On this page we will look back at life in the city during the war years. Here we will provide the visitor with the stories making the news, what was happening in sports and entertainment, city politics, the social scene and the prominent people at the time. So, check back often for new editions. To share your family or neighborhood stories, please email PhillyWWIyears@gmail.com
TODAY IN PHILADELPHIA – TUESDAY MAY 14, 1918
There will be rain again today but not as much as the inch we received yesterday. The showers will start to dissipate by the afternoon. The high will be near 70° with the low tonight about 60°. By a unanimous vote today the Board of Education discontinued the teaching of the German language in the public high schools beginning next year. Petitions for this action had been presented by numerous fraternal, social and labor organizations.
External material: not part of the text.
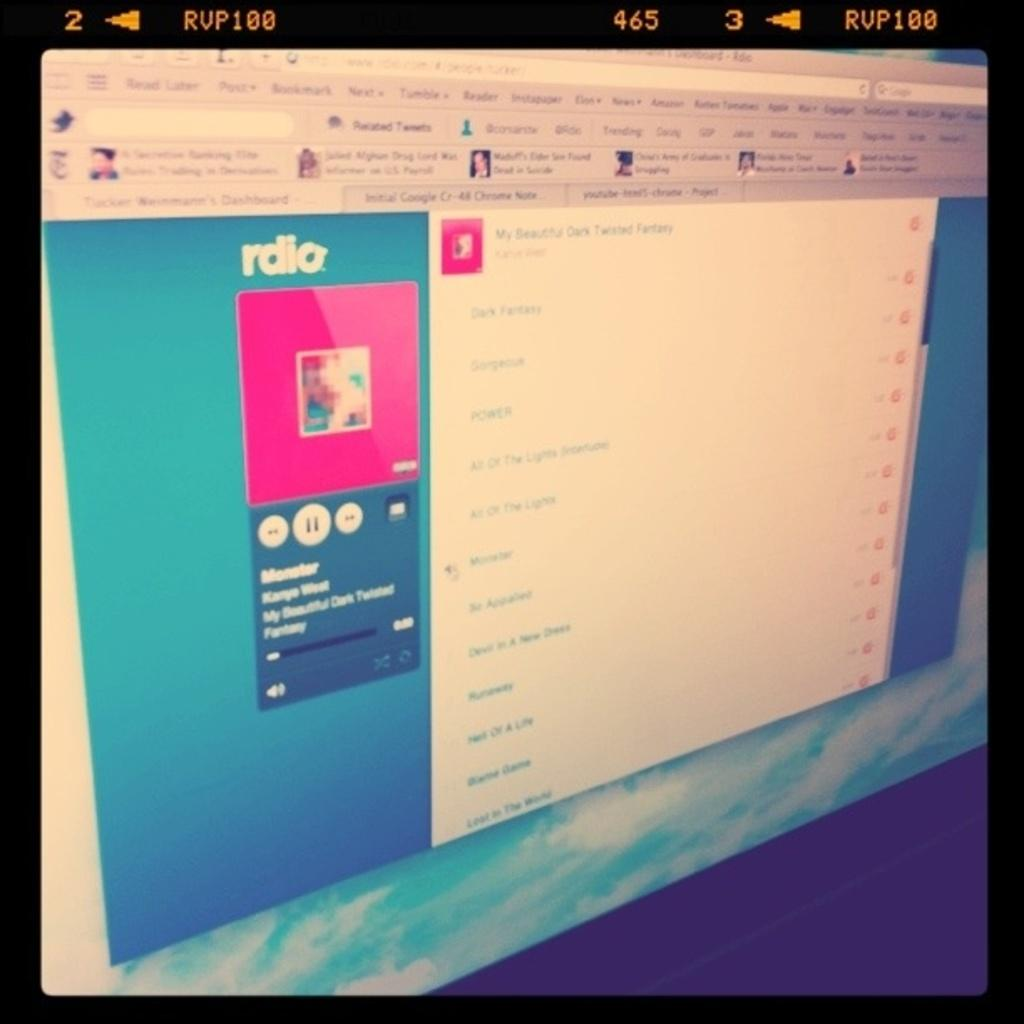<image>
Relay a brief, clear account of the picture shown. A computer display shows a page from the Rdio website.

A separate resolution was submitted by board member John Wanamaker seeking to extend the summer vacation of students into October and end the school day at 2:00pm. Mr. Wanamaker said this will give children more time for war work activities.
In baseball, the A’s fell to the visiting White Sox 3 to 0 at Shibe Park. Urban “Red” Faber held the Athletics to just 3 hits in 9 innings of work. Out in St. Louis the Phillies beat the Cardinals 5 to 4 with Brad Hogg going all 9 inning for his 3rd win of the season. In other baseball news, Washington D.C. will henceforth have Sunday baseball. The Commissioners of the District of Columbia made the decision because of the increased population of the city due to the war and the need to provide these workers with some type of recreation.
And last night “Shoeless” Joe Jackson bid goodbye to his manager and teammates on the White Sox. Today he walked through the gates of Harlan & Hollingsworth Shipbuilding Company in Wilmington, Delaware to begin work. He punched the clock and received his assignment from his supervisor. He was to become a ship painter but after seeing his work with a brush the boss decided he would make a better inspector.
There is troubling news from the southern border. Mexico has begun taking overtly anti-American and anti-British actions. President Carranza, it is said, believes Germany will win the war and is therefore secretly assisting the Empire by harassing American and British interests in Mexico. New confiscatory tax laws have been imposed on Allied holdings at the oilfields not far from Tampico. Recently over 200 Americans working at the oilfields were robbed and driven from their homes. The men have fled to Tampico and now live under the protection of American warships.
Almost 500 Marines are on the warships and ready to disembark if ordered. The oil from the fields is primarily used by the British navy to power its fleet. If President Carranza attempts to seize the fields the Marines will act to stop the Mexican army. Some who know Carranza have advised him that it is a mistake to antagonize the Americans and the British at this time. He has responded that he believes once Germany wins the war it will keep its promise to help Mexico recover Texas and New Mexico. The oil companies have made counter-proposals to Carranza in the hopes of ending the impasse.